Association football career

Managerial career
- Years: Team
- 2003–2004: Adjie Massaid Futsal Clinic
- 2004–2009: Indonesia futsal
- 2009–2013: Indonesia futsal (technical director)
- 2013: Indonesia futsal
- 2019: Indonesia futsal (technical director)

= Justinus Lhaksana =

Indonesian futsal coach and sports commentator

Justinus Lhaksana (born 28 July 1967), commonly referred to as Coach Justin, is an Indonesian former futsal coach and sports commentator in the field of football. He also often discusses football and analyzes the strategies of each club.
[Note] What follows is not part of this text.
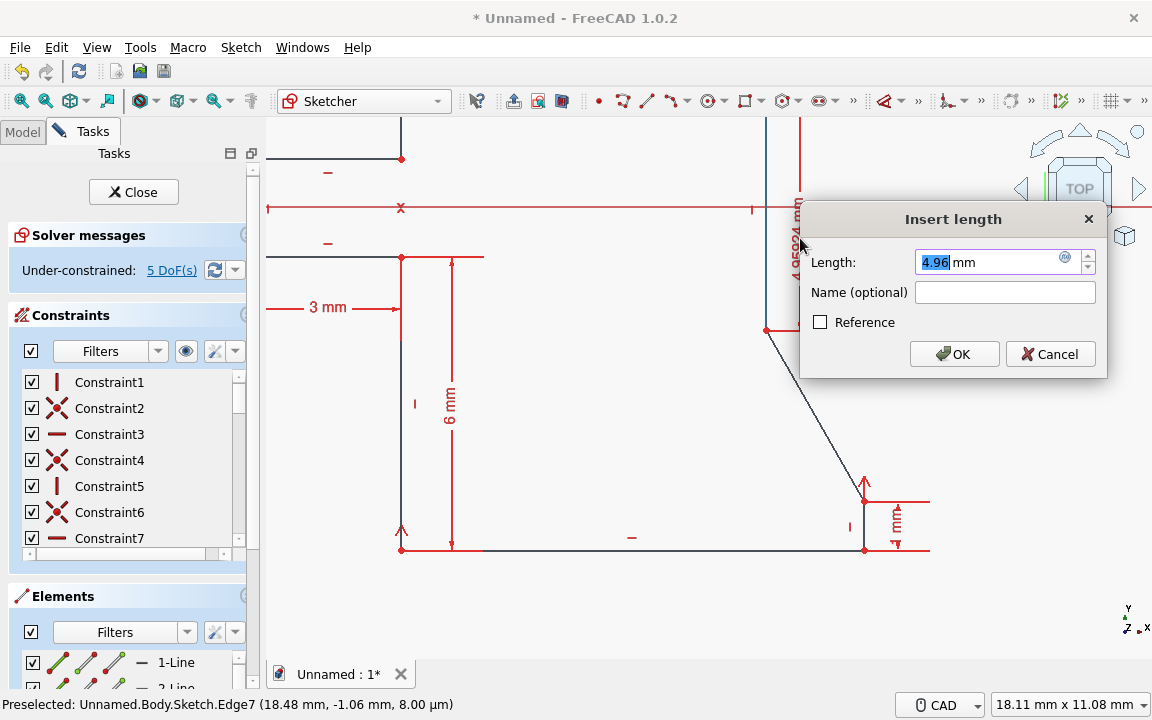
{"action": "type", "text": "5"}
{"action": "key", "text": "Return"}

== Early life and education ==
Justinus Lhaksana was born on 28 July 1967 to an upper-class family in Surabaya, East Java. Both of his parents was born in Samarinda, East Kalimantan. His father is the son of a former KNIL soldier, and he works in the shipping sector, while his mother is of Chinese descent and owns a salon. In 1979, Justin alongside his parents moved to Utrecht, Netherlands. Due to their discomfort living in Surabaya during the Indonesian New Order period, which was marked by ethnic tensions and prevalent discrimination against individuals of Chinese descent.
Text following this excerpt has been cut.